[Records shown]
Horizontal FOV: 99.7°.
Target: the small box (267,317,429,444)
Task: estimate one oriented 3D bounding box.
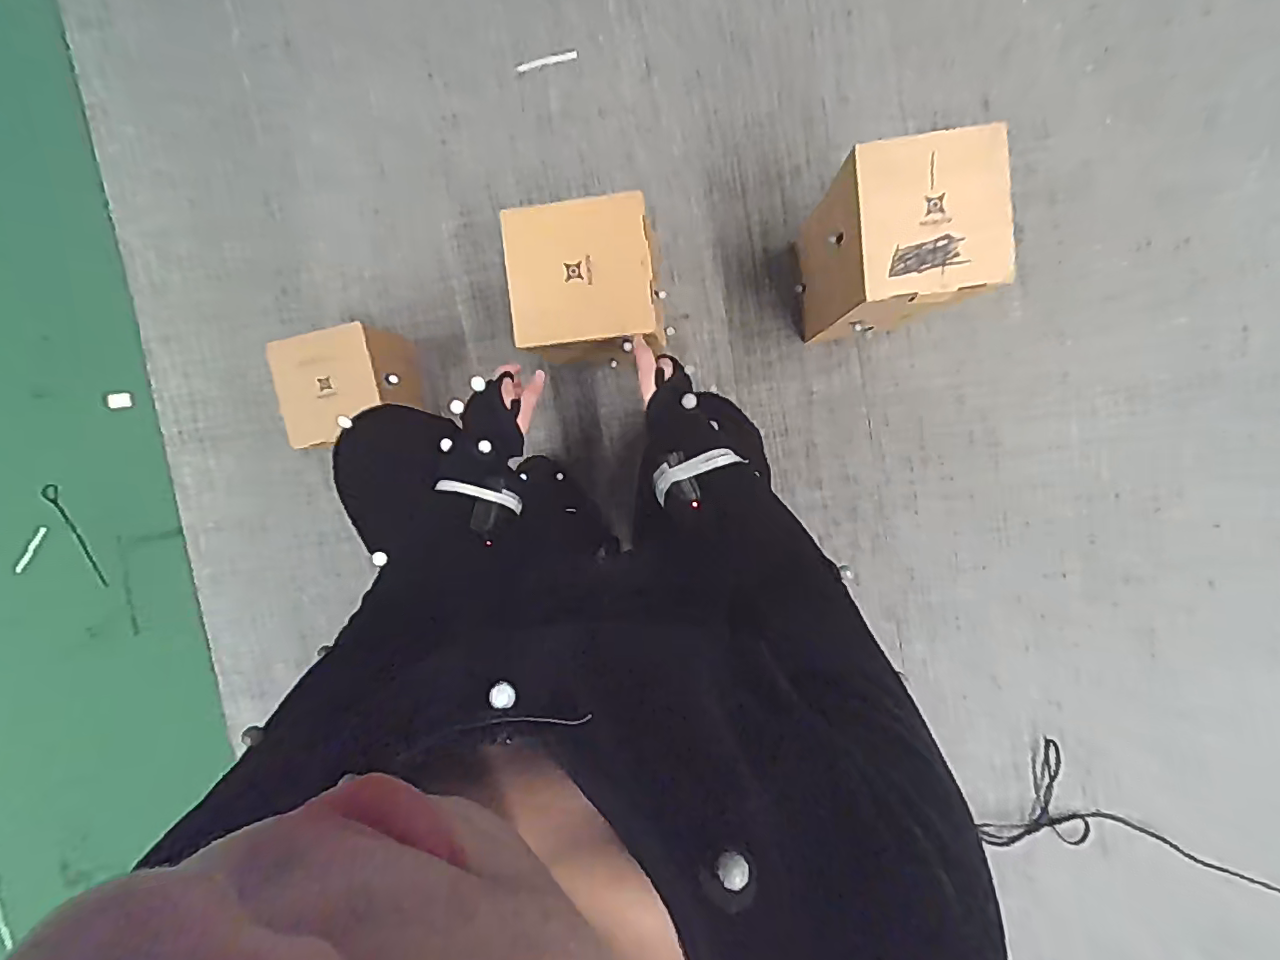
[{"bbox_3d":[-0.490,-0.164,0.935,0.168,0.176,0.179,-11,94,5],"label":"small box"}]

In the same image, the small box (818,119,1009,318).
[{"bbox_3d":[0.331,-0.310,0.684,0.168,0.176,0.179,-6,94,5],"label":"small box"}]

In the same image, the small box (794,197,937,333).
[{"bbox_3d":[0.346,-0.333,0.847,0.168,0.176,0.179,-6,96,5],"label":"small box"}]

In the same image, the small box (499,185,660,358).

[Problem to solve]
Should there be pictures in the data, leave them out and return the rest exactly.

[Answer to the exercise]
Horizontal FOV: 99.7°.
Target: the small box (267,317,429,444)
Task: estimate one oriented 3D bounding box.
[{"bbox_3d":[-0.490,-0.164,0.935,0.168,0.176,0.179,-11,94,5],"label":"small box"}]

In the same image, the small box (818,119,1009,318).
[{"bbox_3d":[0.331,-0.310,0.684,0.168,0.176,0.179,-6,94,5],"label":"small box"}]

In the same image, the small box (794,197,937,333).
[{"bbox_3d":[0.346,-0.333,0.847,0.168,0.176,0.179,-6,96,5],"label":"small box"}]

In the same image, the small box (499,185,660,358).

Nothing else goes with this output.